[Data listing — start]
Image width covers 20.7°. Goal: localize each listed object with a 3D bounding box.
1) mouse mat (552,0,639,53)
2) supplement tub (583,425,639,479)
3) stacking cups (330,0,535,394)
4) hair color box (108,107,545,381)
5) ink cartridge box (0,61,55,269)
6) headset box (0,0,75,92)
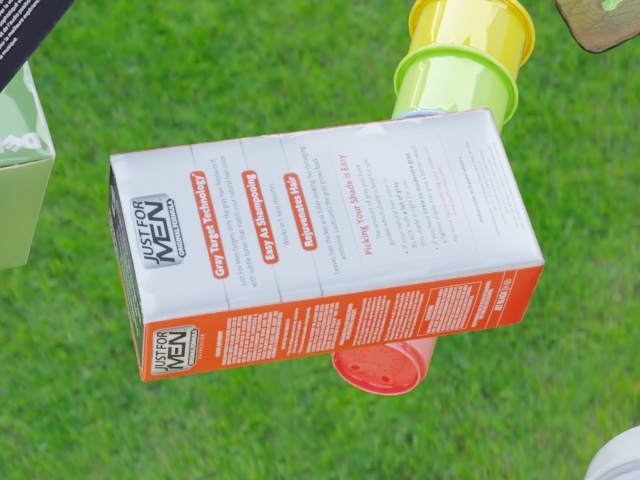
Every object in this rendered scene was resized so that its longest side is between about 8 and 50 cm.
[{"bbox_3d":[0.198,-0.208,1.027,0.189,0.152,0.007,-25,12,34],"label":"mouse mat"},{"bbox_3d":[0.159,0.232,0.757,0.191,0.191,0.272,13,51,17],"label":"supplement tub"},{"bbox_3d":[0.075,-0.042,1.186,0.096,0.096,0.316,6,48,13],"label":"stacking cups"},{"bbox_3d":[0.000,0.000,0.622,0.141,0.043,0.072,-7,58,-13],"label":"hair color box"},{"bbox_3d":[-0.177,-0.050,0.856,0.062,0.109,0.209,-10,64,-23],"label":"ink cartridge box"},{"bbox_3d":[-0.247,-0.186,0.633,0.246,0.283,0.131,31,80,42],"label":"headset box"}]
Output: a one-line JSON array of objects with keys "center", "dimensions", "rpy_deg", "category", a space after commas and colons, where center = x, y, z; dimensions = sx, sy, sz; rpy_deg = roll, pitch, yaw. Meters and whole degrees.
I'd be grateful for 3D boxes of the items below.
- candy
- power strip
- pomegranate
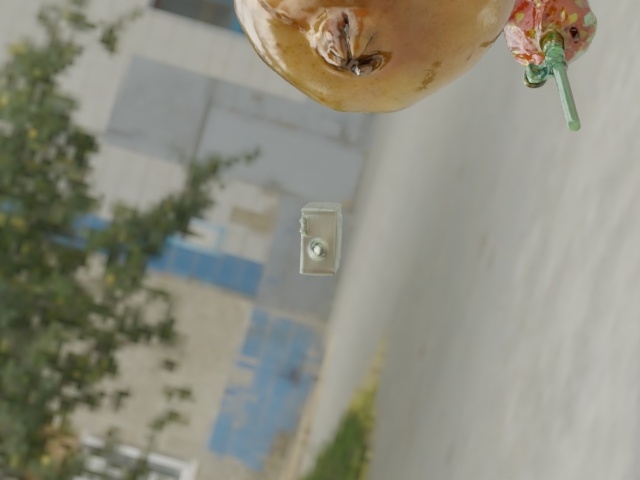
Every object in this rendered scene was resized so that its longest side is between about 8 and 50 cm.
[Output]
[Data listing — finish]
The task →
Set the records down again exactly, with no pictures.

Response to the task →
Image width covers 20.7°. Goal: localize each listed object with a 3D bounding box.
1) mouse mat (552,0,639,53)
2) supplement tub (583,425,639,479)
3) stacking cups (330,0,535,394)
4) hair color box (108,107,545,381)
5) ink cartridge box (0,61,55,269)
6) headset box (0,0,75,92)
Every object in this rendered scene was resized so that its longest side is between about 8 and 50 cm.
[{"bbox_3d":[0.198,-0.208,1.027,0.189,0.152,0.007,-25,12,34],"label":"mouse mat"},{"bbox_3d":[0.159,0.232,0.757,0.191,0.191,0.272,13,51,17],"label":"supplement tub"},{"bbox_3d":[0.075,-0.042,1.186,0.096,0.096,0.316,6,48,13],"label":"stacking cups"},{"bbox_3d":[0.000,0.000,0.622,0.141,0.043,0.072,-7,58,-13],"label":"hair color box"},{"bbox_3d":[-0.177,-0.050,0.856,0.062,0.109,0.209,-10,64,-23],"label":"ink cartridge box"},{"bbox_3d":[-0.247,-0.186,0.633,0.246,0.283,0.131,31,80,42],"label":"headset box"}]
Output: a one-line JSON array of objects with keys "center", "dimensions", "rpy_deg", "category", a space after commas and colons, where center = x, y, z; dimensions = sx, sy, sz; rpy_deg = roll, pitch, yaw. Meters and whole degrees.
I'd be grateful for 3D boxes of the items below.
- candy
- power strip
- pomegranate
Every object in this rendered scene was resized so that its longest side is between about 8 and 50 cm.
[Output]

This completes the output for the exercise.